An Innovation performance report led by Luke Georghiou (the report provides the Board the opportunity to hold executives accountable for performance against KPIs over 12 months), kicked off with our goal which is to be the best University in Europe for innovation. While by most measures we are within the top 10 already, creating a record of 13 spin-outs through the Innovation Factory, delivering a record year for licensing, and progressing with Northern Gritstone, there are always risks in the innovation field. The board debated those risks, considered how we could use more work from Humanities as well as STEM subjects, be better in creative industries, and appeal even more to students and SMEs.
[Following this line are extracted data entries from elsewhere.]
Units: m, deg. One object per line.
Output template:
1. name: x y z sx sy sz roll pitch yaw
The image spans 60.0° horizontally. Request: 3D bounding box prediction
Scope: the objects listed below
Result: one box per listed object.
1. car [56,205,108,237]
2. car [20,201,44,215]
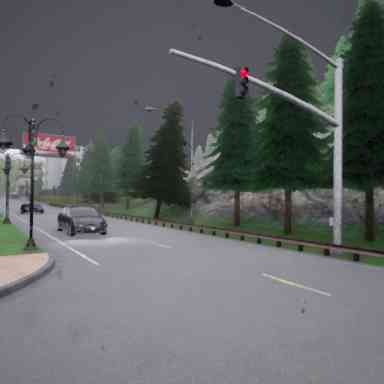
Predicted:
1. car: -6.121 1.527 18.258 1.837 1.490 4.892 1 -1 -33
2. car: -16.976 1.668 35.186 1.994 1.385 4.181 1 -1 -33
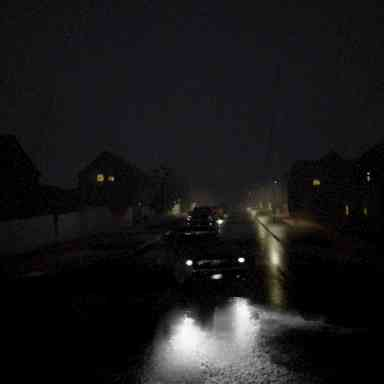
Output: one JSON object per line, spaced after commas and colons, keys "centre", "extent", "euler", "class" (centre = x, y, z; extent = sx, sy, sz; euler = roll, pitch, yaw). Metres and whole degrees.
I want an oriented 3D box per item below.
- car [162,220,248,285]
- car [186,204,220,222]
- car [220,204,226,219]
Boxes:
{"centre": [0.190, 1.905, 10.962], "extent": [1.895, 1.301, 4.718], "euler": [0, 1, -12], "class": "car"}
{"centre": [0.807, 1.883, 25.427], "extent": [2.097, 1.767, 4.553], "euler": [-1, -1, 7], "class": "car"}
{"centre": [2.574, 2.278, 38.795], "extent": [1.882, 1.535, 5.008], "euler": [-1, -1, 8], "class": "car"}
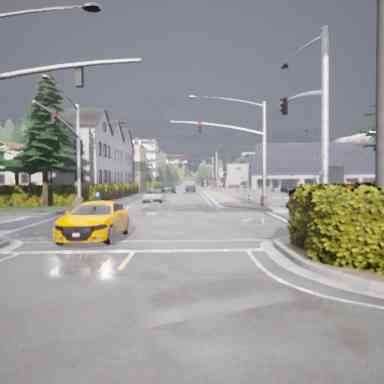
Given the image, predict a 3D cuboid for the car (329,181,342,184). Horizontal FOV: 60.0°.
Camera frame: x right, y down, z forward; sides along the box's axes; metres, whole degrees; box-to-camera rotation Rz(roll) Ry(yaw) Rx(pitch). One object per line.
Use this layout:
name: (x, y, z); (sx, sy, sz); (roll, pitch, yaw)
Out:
car: (25.243, -1.076, 59.530); (2.152, 1.636, 5.027); (-1, 2, -1)

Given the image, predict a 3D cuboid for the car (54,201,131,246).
car: (-3.661, 1.109, 12.975); (1.882, 1.535, 5.008); (-1, -1, 0)

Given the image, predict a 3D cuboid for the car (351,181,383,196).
car: (22.216, -0.488, 42.136); (1.932, 1.855, 4.605); (-1, 2, -1)

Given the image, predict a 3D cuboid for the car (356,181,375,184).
car: (18.980, -0.197, 34.252); (1.905, 1.878, 3.866); (-1, 2, -1)

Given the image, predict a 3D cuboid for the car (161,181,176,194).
car: (-3.796, -0.698, 53.756); (2.150, 2.045, 5.566); (-1, 2, 0)

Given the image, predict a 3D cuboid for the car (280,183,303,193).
car: (15.213, -0.566, 52.106); (2.007, 1.523, 4.514); (-1, 2, -1)

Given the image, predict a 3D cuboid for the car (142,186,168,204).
car: (-3.734, 0.424, 32.688); (1.895, 1.301, 4.718); (-1, 2, 0)

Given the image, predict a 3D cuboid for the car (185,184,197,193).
car: (-0.234, -0.638, 58.708); (2.128, 1.511, 4.902); (-1, 2, 0)
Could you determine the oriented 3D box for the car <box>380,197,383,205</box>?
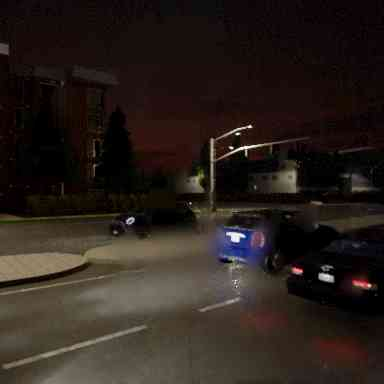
[{"bbox_3d":[33.396,1.284,55.756,4.553,1.767,2.097,0,0,-38],"label":"car"}]

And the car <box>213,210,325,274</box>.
[{"bbox_3d":[2.883,1.341,10.679,4.553,1.767,2.097,0,0,-38],"label":"car"}]

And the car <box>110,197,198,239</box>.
[{"bbox_3d":[-1.914,1.341,17.283,4.553,1.767,2.097,0,0,-39],"label":"car"}]

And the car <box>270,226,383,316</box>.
[{"bbox_3d":[4.316,1.539,7.350,5.357,1.411,2.033,0,0,-38],"label":"car"}]

The Board also received a mid-year update on the University’s financial performance which has remained stable with a cautiously optimistic outlook for the remainder of the academic year, in spite of the continued headwinds which are generally impacting the HE sector and the evident inflationary pressures. A key issue which the Board highlighted is the need to increase understanding, internally and externally, of the requirement to create a sufficient surplus for investment to allow us to support staff and students and deliver on our strategy.
The Board also discussed our biennial independent external stakeholder review among a range of key decision makers, locally, nationally and internationally (running since 2005). In spite of the undoubted challenges that we have faced throughout the pandemic, the results were the most positive we have received. There was a wider spread of positive comments about our teaching and research, business engagement and innovation, civic partnerships and our campus. While our work in science, engineering and health remained prominent, it was good to see praise for activities in humanities and the work of the museum.
A paper was considered which asked whether the make-up of the Board itself offered the right skills to effectively work across the various board committees and provide the support and challenge that the University requires. It also looked at how to continue to improve diversity, building on the steady progress made. In light of that discussion, and the skills of the board members departing in the summer, it was agreed to seek someone with financial and commercial experience to maintain those skills on Finance Committee, and someone from the FE sector, given the importance of the civic alliance and the levelling up agenda. As usual a combination of headhunter and advertising will be used to maximise the diversity of the shortlist.
At the end of the meeting, without VC or other executives present, the Board considered the summary of the VC’s thorough performance and development review, noting the positive overall assessment and her proactive response to feedback where areas of concern were raised, factoring them into her priorities for the year ahead.
The next Board of Governors meeting is on Tuesday, 22 March.